The Chamber however is hardly alone. Other groups with patriotic-sounding names and tax designations to avoid disclosure have sprung up under the leadership of longtime political party operatives.  Labor unions are struggling to compete with the treasury funds of big business, but are using their own significant but more limited resources.  Unions have also been perfectly willing to hide their involvement with independent expenditures groups when they thought it to their advantage. 

Who knows if they are keeping up, since current laws weren’t structured to deal with this new lay of the land?

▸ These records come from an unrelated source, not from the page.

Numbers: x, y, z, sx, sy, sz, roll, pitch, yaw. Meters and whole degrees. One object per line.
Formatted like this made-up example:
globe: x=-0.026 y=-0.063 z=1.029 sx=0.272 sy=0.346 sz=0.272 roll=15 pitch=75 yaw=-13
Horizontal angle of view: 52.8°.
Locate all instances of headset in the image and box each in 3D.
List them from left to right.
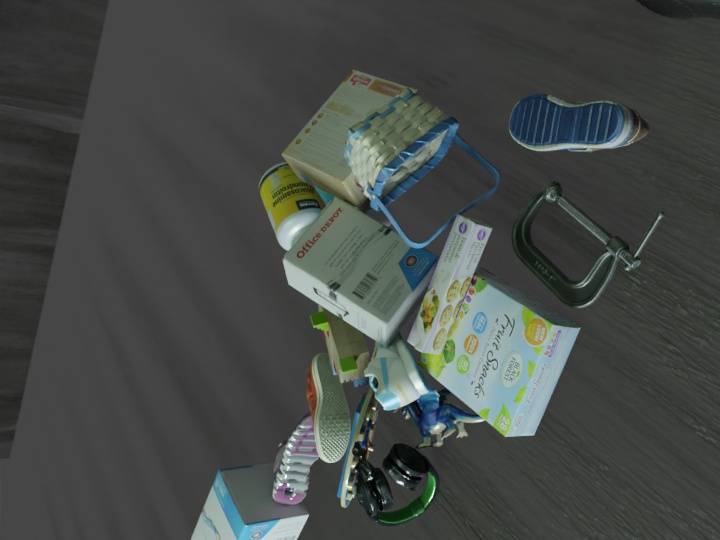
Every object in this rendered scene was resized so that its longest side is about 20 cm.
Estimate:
headset: x=0.047 y=0.318 z=1.077 sx=0.123 sy=0.200 sz=0.094 roll=-38 pitch=34 yaw=0

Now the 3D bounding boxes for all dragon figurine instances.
dragon figurine: x=0.119 y=0.209 z=1.103 sx=0.200 sy=0.059 sz=0.100 roll=-37 pitch=58 yaw=44

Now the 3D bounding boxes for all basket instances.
basket: x=0.085 y=-0.153 z=1.067 sx=0.200 sy=0.176 sz=0.139 roll=50 pitch=163 yaw=16

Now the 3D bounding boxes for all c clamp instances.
c clamp: x=0.283 y=-0.046 z=0.949 sx=0.200 sy=0.027 sz=0.172 roll=46 pitch=127 yaw=43

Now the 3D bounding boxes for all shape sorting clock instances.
shape sorting clock: x=0.003 y=0.283 z=1.176 sx=0.200 sy=0.039 sz=0.202 roll=13 pitch=-90 yaw=-85

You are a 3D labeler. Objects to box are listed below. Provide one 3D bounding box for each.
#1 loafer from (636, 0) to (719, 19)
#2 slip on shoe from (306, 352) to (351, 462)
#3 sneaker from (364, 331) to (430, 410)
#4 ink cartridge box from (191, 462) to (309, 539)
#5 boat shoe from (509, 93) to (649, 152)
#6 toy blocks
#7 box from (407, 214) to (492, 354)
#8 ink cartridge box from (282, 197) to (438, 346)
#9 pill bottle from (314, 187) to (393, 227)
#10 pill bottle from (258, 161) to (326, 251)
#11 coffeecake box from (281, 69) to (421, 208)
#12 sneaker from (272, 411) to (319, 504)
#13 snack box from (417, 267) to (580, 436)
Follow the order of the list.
loafer: x=0.385 y=-0.326 z=0.815 sx=0.200 sy=0.073 sz=0.071 roll=34 pitch=102 yaw=43
slip on shoe: x=-0.064 y=0.253 z=1.331 sx=0.061 sy=0.074 sz=0.201 roll=-43 pitch=48 yaw=49
sneaker: x=0.044 y=0.146 z=1.142 sx=0.077 sy=0.080 sz=0.200 roll=59 pitch=-179 yaw=-19
ink cartridge box: x=-0.225 y=0.514 z=1.450 sx=0.146 sy=0.146 sz=0.201 roll=48 pitch=122 yaw=43
boat shoe: x=0.275 y=-0.181 z=0.929 sx=0.200 sy=0.072 sz=0.073 roll=28 pitch=109 yaw=55
toy blocks: x=-0.030 y=0.124 z=1.259 sx=0.137 sy=0.099 sz=0.201 roll=89 pitch=165 yaw=-50
box: x=0.125 y=0.022 z=1.027 sx=0.039 sy=0.041 sz=0.201 roll=35 pitch=108 yaw=48
ink cartridge box: x=0.000 y=0.000 z=1.141 sx=0.199 sy=0.146 sz=0.084 roll=32 pitch=156 yaw=19
pill bottle: x=-0.016 y=-0.147 z=1.276 sx=0.111 sy=0.110 sz=0.200 roll=-60 pitch=44 yaw=29
pill bottle: x=-0.119 y=-0.106 z=1.405 sx=0.112 sy=0.111 sz=0.201 roll=-52 pitch=49 yaw=35
coffeecake box: x=-0.007 y=-0.222 z=1.201 sx=0.153 sy=0.073 sz=0.200 roll=29 pitch=75 yaw=38
sneaker: x=-0.123 y=0.348 z=1.398 sx=0.201 sy=0.080 sz=0.089 roll=-67 pitch=23 yaw=18
snack box: x=0.187 y=0.107 z=1.018 sx=0.200 sy=0.067 sz=0.170 roll=35 pitch=112 yaw=47
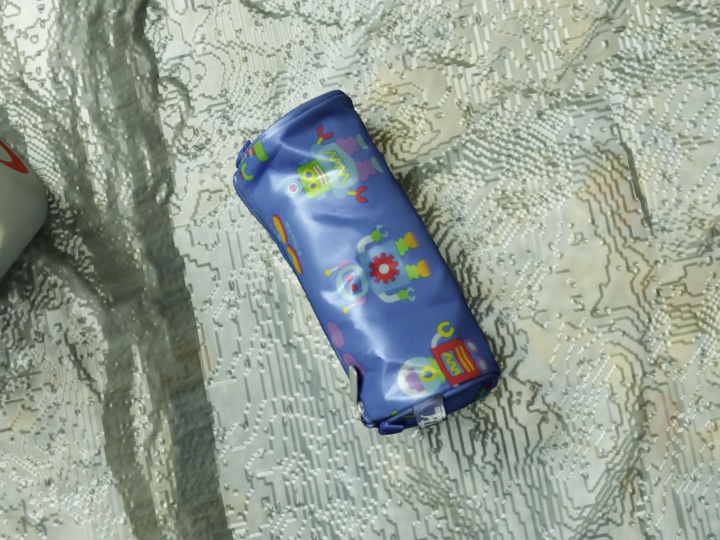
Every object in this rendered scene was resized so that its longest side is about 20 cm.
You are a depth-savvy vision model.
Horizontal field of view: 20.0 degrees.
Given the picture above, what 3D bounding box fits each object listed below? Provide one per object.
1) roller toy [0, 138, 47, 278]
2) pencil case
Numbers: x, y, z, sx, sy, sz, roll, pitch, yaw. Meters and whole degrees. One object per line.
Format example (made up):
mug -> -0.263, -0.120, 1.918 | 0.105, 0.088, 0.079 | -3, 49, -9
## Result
roller toy -> -0.282, -0.041, 1.137 | 0.182, 0.200, 0.140 | 39, 92, 5
pencil case -> 0.000, 0.000, 1.144 | 0.087, 0.078, 0.200 | -25, 79, -17
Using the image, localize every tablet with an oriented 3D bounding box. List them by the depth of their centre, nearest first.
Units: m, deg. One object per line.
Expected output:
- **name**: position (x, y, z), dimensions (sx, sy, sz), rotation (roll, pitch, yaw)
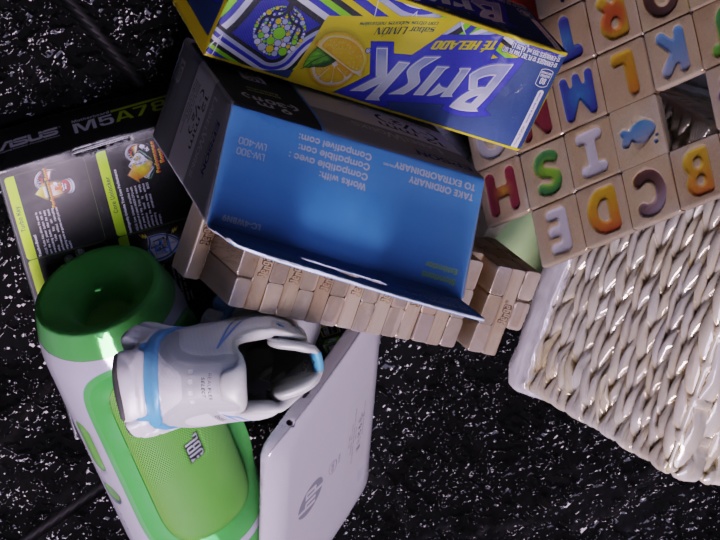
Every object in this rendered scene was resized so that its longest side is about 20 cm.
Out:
- **tablet**: position (-0.024, 0.116, 1.547), dimensions (0.130, 0.014, 0.201), rotation (-53, 161, -33)

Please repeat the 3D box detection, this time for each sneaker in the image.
- **sneaker**: position (-0.052, 0.050, 1.416), dimensions (0.086, 0.200, 0.075), rotation (-1, 102, 23)

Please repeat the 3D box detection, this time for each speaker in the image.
- **speaker**: position (-0.116, 0.083, 1.480), dimensions (0.088, 0.089, 0.201), rotation (-22, 129, -2)

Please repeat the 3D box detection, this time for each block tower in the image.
- **block tower**: position (0.000, 0.000, 1.429), dimensions (0.199, 0.058, 0.054), rotation (11, 106, -32)

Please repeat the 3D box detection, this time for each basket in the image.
- **basket**: position (0.225, 0.015, 1.475), dimensions (0.197, 0.161, 0.201), rotation (13, 100, -34)

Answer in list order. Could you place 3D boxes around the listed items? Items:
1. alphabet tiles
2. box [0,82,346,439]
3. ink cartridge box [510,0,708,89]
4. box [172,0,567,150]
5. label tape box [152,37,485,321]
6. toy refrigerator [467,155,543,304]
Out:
- **alphabet tiles**: position (0.133, -0.101, 1.425), dimensions (0.199, 0.168, 0.008), rotation (-23, 162, 40)
- **box**: position (-0.097, -0.014, 1.497), dimensions (0.192, 0.048, 0.201), rotation (-16, 128, -4)
- **ink cartridge box**: position (0.185, -0.177, 1.476), dimensions (0.199, 0.050, 0.162), rotation (-7, 126, -16)
- **box**: position (0.006, -0.129, 1.401), dimensions (0.199, 0.070, 0.065), rotation (15, 113, -27)
- **label tape box**: position (-0.016, -0.049, 1.345), dimensions (0.143, 0.200, 0.066), rotation (16, 102, -19)
- **toy refrigerator**: position (0.141, -0.001, 1.568), dimensions (0.199, 0.070, 0.076), rotation (29, 111, -33)
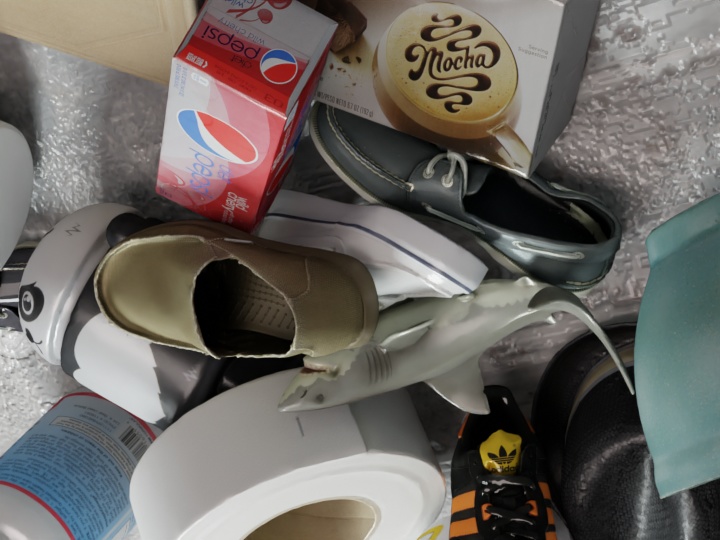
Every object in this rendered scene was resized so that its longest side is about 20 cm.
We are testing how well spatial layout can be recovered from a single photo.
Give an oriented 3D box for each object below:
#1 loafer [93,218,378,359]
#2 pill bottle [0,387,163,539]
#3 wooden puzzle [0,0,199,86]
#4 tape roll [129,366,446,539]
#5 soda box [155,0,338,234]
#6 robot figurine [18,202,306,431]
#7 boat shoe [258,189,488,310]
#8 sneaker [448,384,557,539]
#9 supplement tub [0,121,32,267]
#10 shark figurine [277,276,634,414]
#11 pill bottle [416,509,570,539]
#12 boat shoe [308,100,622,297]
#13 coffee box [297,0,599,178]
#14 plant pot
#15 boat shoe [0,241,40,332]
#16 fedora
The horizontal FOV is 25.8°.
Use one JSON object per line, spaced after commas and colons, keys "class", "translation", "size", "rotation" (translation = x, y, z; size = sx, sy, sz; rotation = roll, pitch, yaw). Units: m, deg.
{"class": "loafer", "translation": [-0.085, 0.012, 0.922], "size": [0.199, 0.067, 0.077], "rotation": [2, 99, 33]}
{"class": "pill bottle", "translation": [-0.230, 0.179, 1.147], "size": [0.108, 0.200, 0.109], "rotation": [13, 124, 21]}
{"class": "wooden puzzle", "translation": [-0.180, -0.184, 0.952], "size": [0.199, 0.037, 0.185], "rotation": [23, 159, 8]}
{"class": "tape roll", "translation": [-0.046, 0.147, 1.029], "size": [0.203, 0.201, 0.071], "rotation": [-55, 45, 39]}
{"class": "soda box", "translation": [-0.069, -0.087, 0.882], "size": [0.070, 0.064, 0.200], "rotation": [27, 160, 0]}
{"class": "robot figurine", "translation": [-0.133, 0.038, 1.055], "size": [0.199, 0.125, 0.151], "rotation": [29, 103, 10]}
{"class": "boat shoe", "translation": [0.000, 0.000, 0.949], "size": [0.073, 0.066, 0.200], "rotation": [32, 170, -30]}
{"class": "sneaker", "translation": [0.083, 0.146, 0.941], "size": [0.070, 0.200, 0.091], "rotation": [-4, 117, 1]}
{"class": "supplement tub", "translation": [-0.345, -0.071, 1.094], "size": [0.199, 0.132, 0.133], "rotation": [19, 126, 18]}
{"class": "shark figurine", "translation": [0.070, 0.049, 0.934], "size": [0.214, 0.128, 0.090], "rotation": [-16, 107, 32]}
{"class": "pill bottle", "translation": [0.065, 0.226, 1.011], "size": [0.111, 0.200, 0.112], "rotation": [13, 122, 22]}
{"class": "boat shoe", "translation": [0.064, -0.056, 0.916], "size": [0.199, 0.073, 0.062], "rotation": [32, 155, -1]}
{"class": "coffee box", "translation": [0.026, -0.147, 0.884], "size": [0.199, 0.080, 0.113], "rotation": [22, 130, 16]}
{"class": "plant pot", "translation": [0.227, 0.022, 0.824], "size": [0.200, 0.200, 0.135], "rotation": [-29, 75, 38]}
{"class": "boat shoe", "translation": [-0.277, 0.024, 1.167], "size": [0.199, 0.063, 0.073], "rotation": [-1, 117, 29]}
{"class": "fedora", "translation": [0.177, 0.134, 0.963], "size": [0.200, 0.092, 0.202], "rotation": [14, 124, 22]}
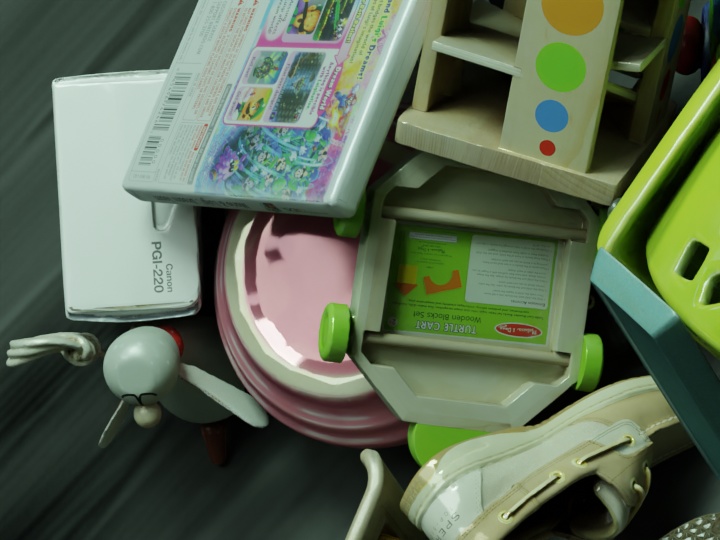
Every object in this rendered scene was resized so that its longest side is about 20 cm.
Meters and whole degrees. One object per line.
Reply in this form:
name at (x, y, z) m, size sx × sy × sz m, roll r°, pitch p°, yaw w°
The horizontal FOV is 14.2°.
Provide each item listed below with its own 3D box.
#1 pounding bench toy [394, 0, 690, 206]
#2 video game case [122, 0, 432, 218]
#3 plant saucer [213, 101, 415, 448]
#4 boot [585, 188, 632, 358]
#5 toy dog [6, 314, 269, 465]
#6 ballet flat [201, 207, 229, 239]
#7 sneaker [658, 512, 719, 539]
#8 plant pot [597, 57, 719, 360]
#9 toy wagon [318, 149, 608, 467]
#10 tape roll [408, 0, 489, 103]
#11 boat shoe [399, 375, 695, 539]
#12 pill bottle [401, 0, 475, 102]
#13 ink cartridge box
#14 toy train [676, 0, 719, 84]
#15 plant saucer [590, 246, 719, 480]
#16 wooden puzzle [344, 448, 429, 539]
pounding bench toy at (0.120, -0.157, 1.559) m, size 0.124 × 0.200 × 0.156 m, roll 17°, pitch 119°, yaw 15°
video game case at (-0.034, -0.126, 1.595) m, size 0.182 × 0.024 × 0.200 m, roll 6°, pitch 68°, yaw 47°
plant saucer at (0.000, 0.000, 1.636) m, size 0.200 × 0.051 × 0.201 m, roll -4°, pitch 81°, yaw 25°
boot at (0.098, -0.011, 1.670) m, size 0.151 × 0.073 × 0.200 m, roll -37°, pitch 54°, yaw 15°
toy dog at (-0.109, 0.076, 1.721) m, size 0.132 × 0.200 × 0.096 m, roll -6°, pitch 92°, yaw 33°
ballet flat at (-0.032, -0.036, 1.782) m, size 0.200 × 0.073 × 0.073 m, roll -4°, pitch 62°, yaw 35°
sneaker at (0.156, 0.214, 1.492) m, size 0.070 × 0.076 × 0.200 m, roll 7°, pitch 47°, yaw 42°
plant pot at (0.251, -0.016, 1.465) m, size 0.199 × 0.200 × 0.181 m, roll -55°, pitch 39°, yaw -2°
toy wagon at (0.055, 0.030, 1.563) m, size 0.040 × 0.155 × 0.200 m, roll -155°, pitch 72°, yaw -78°
tape roll at (-0.004, -0.109, 1.776) m, size 0.203 × 0.037 × 0.203 m, roll -20°, pitch 29°, yaw 12°
boat shoe at (0.115, 0.114, 1.525) m, size 0.069 × 0.200 × 0.074 m, roll 54°, pitch 144°, yaw 26°
pill bottle at (-0.012, -0.180, 1.743) m, size 0.113 × 0.113 × 0.200 m, roll -49°, pitch 27°, yaw 3°
ink cartridge box at (-0.139, -0.045, 1.758) m, size 0.085 × 0.200 × 0.146 m, roll -4°, pitch 91°, yaw -4°
toy train at (0.212, -0.084, 1.574) m, size 0.085 × 0.116 × 0.200 m, roll 1°, pitch 61°, yaw 5°
plant saucer at (0.172, 0.066, 1.469) m, size 0.019 × 0.200 × 0.070 m, roll -40°, pitch 44°, yaw -5°
wooden puzzle at (0.002, 0.214, 1.539) m, size 0.037 × 0.185 × 0.200 m, roll 14°, pitch 73°, yaw 17°
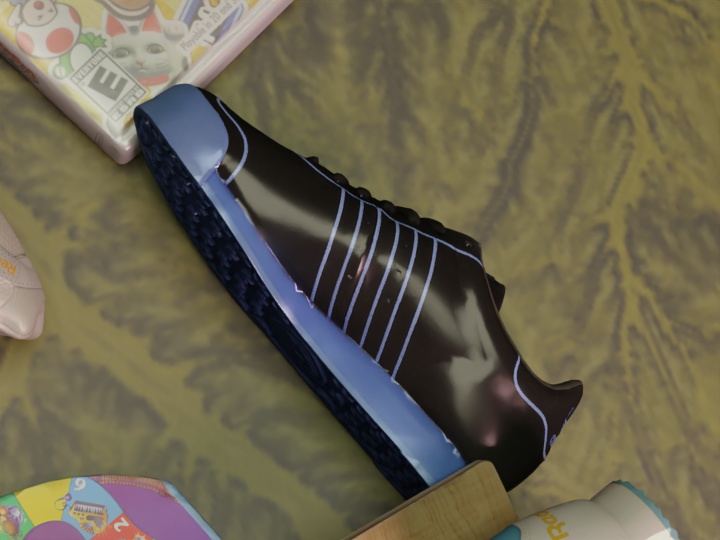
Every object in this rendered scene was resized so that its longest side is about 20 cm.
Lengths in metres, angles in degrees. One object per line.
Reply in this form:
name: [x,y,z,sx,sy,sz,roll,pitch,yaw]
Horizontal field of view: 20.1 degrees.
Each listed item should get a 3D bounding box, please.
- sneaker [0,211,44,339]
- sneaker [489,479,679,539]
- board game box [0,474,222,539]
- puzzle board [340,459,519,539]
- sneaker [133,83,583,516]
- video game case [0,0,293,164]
sneaker: [-0.199,0.039,0.714,0.200,0.076,0.092,-36,90,-16]
sneaker: [0.091,0.180,0.714,0.081,0.077,0.200,-19,89,-14]
board game box: [-0.085,0.168,0.720,0.158,0.039,0.200,-41,88,-17]
puzzle board: [0.024,0.190,0.727,0.151,0.017,0.200,-28,99,-22]
sneaker: [0.000,0.000,0.766,0.078,0.070,0.200,-40,95,-16]
video game case: [-0.092,-0.172,0.811,0.182,0.023,0.200,43,73,1]
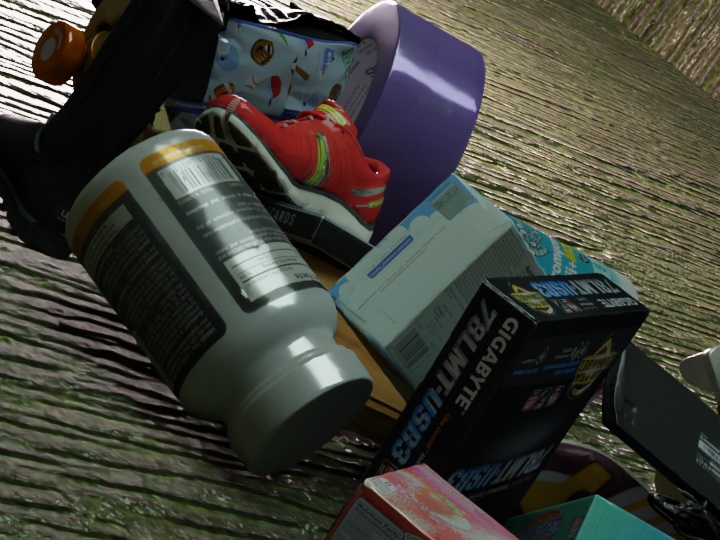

The latest one-vote loss to break a Republican filibuster of the DISCLOSE Act need not be the end of this effort to provide the transparency the Supreme Court itself supported in its Citizens United decision.  The provisions to require disclosure of corporate and union treasury funds spent to affect federal elections are critically important and go to the heart of our democratic process.  Senators should face a vote in the lame duck on a revised version which focuses solely on disclosure and drops provisions which have been mischaracterized and exploited by the bill’s opponents, such as the language to put new restrictions on government contractors.  It will be that much harder for politicians to vote against a bill that asks for nothing more than the identities of those funneling big money to elect or unseat Members of Congress.   The endless attack ads of election season will still be fresh in the minds of Americans when their elected representatives will be asked to vote on whether those paying to run the ads should have to own up to them.  It seems a simple question and it is a roll call vote that voters will remember.

Meredith McGehee is the policy director of the Campaign Legal Center and has advocated for campaign finance reforms for more than twenty years. She also heads McGehee Strategies, a public interest consulting business.